Third, the above tend to result in the idea that tango music does not require study to dance to, and that what is required instead is the ability to step on the beat, to the rhythm of the music, without any need to attend to the melody and the harmonic organisation of the music. This is reinforced by movement teachers by (a) clapping or otherwise marking the rhythm to the steps, and (b) tending to choose music that has, or appears to have, a relatively steady rhythm in favour of music that does not.

Fourth, contemporary pop music tends to emphasise a steady beat over melody. Moreover, Latin music is thought to be characterised by a specific sort of rhythm. These trends and ideas tend to reinforce emphasis on rhythm and lack of attention to the melody, and the assumption that the melody of tango tunes is not relevant to tango dancing, only the beat or what people perceive as the rhythm.

It’s due to the combination of the above factors that many people seem not to notice that a lot of tango music does not have a steady or clearly identifiable beat for at least a significant part of the tune, and many of the steps that are being taught don’t clearly fit the organisation of the music to which they are danced. If they do notice this they are at a loss as to how to deal with this, often blaming their partner for poor leading or following. Attempting to fit steps designed for a steady beat of a given sort to music that does not in fact have this sort of organisation is unlikely to result in a satisfying dancing experience.

The basic problem is prioritising movement and rhythm over music and melody, and making movement the focus of tango teaching. The alternative is to make music, and in particular, ear training in listening to traditional Golden Era music, the subject matter of at least 50% of tango training. Priorising music means that then the movement stepping and partnering technique should be subsidiary to the understanding and perception of the music given it’s actual organisation, rather than an organisation that is imposed by studio dancing technique and ideas about rhythm imported from pop music.

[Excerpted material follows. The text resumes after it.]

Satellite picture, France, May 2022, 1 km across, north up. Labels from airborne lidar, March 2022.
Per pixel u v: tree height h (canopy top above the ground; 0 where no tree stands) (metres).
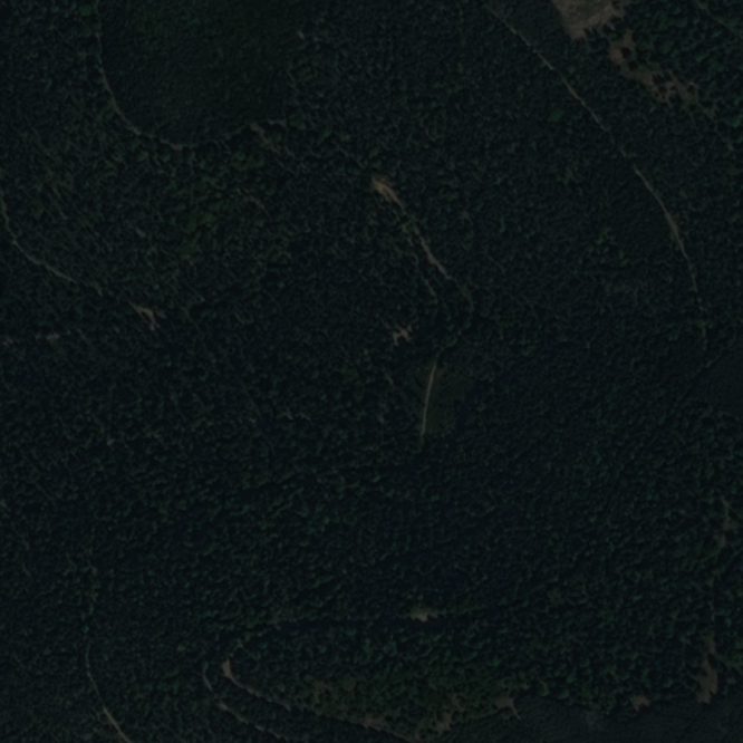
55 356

So an alternative to the standard training proceeds along the following sort of lines:

  1. Prioritise ear training over movement, so that training begins with ear training.
  2. Ear training focuses on melody rather than rhythm. The goal of ear training is to internalise the melody and the organisation of the music.
  3. Traditional recordings are prioritised over more contemporary ones.
  4. Basic movement training proceeds without music. Movement training to a particular piece of music proceeds only after that piece of music has been internalised.
  5. One piece of music is internalised over a 2 week period using the process outlined below.

The basic process for ear training

Step 1: Selecting a recording

Make a list of songs that you want to learn over the next few months and listen through them a couple of times. Choose one song that you want to learn over the next 2-3 weeks.

Step 2: Passive listening

Find several versions of the song you want to learn and make a playlist. Listen to these versions over several days. You can listen while you’re doing other things: cleaning, waiting in line, washing the dishes, exercising, etc.

Step 3: Active listening

Find the original version of the song and listen to that version actively a couple of times. Focus on the various aspects of the recording: what are the instruments playing, is there an intro, is it vocal or instrumental, which instruments play the melody, what are the other instruments doing, what are the different parts, what are the transitions, etc.

Step 4: Internalising the melody

Practice singing the melody without the words. You can hum, whistle, use syllables, like “doo doo doo doo” or “dah dah dah dah”, etc. Do this until you can sing the melody together with the song from beginning to end.

Step 5: Learning the lyrics

Read through the lyrics, without singing, but keeping the rhythm, from beginning to end. Do this a few times.

Step 6: Learning the rhythm

Sing or hum/scat the song while clapping your hands to keep the rhythm. Do this until you can sing with the recording while clapping your hands.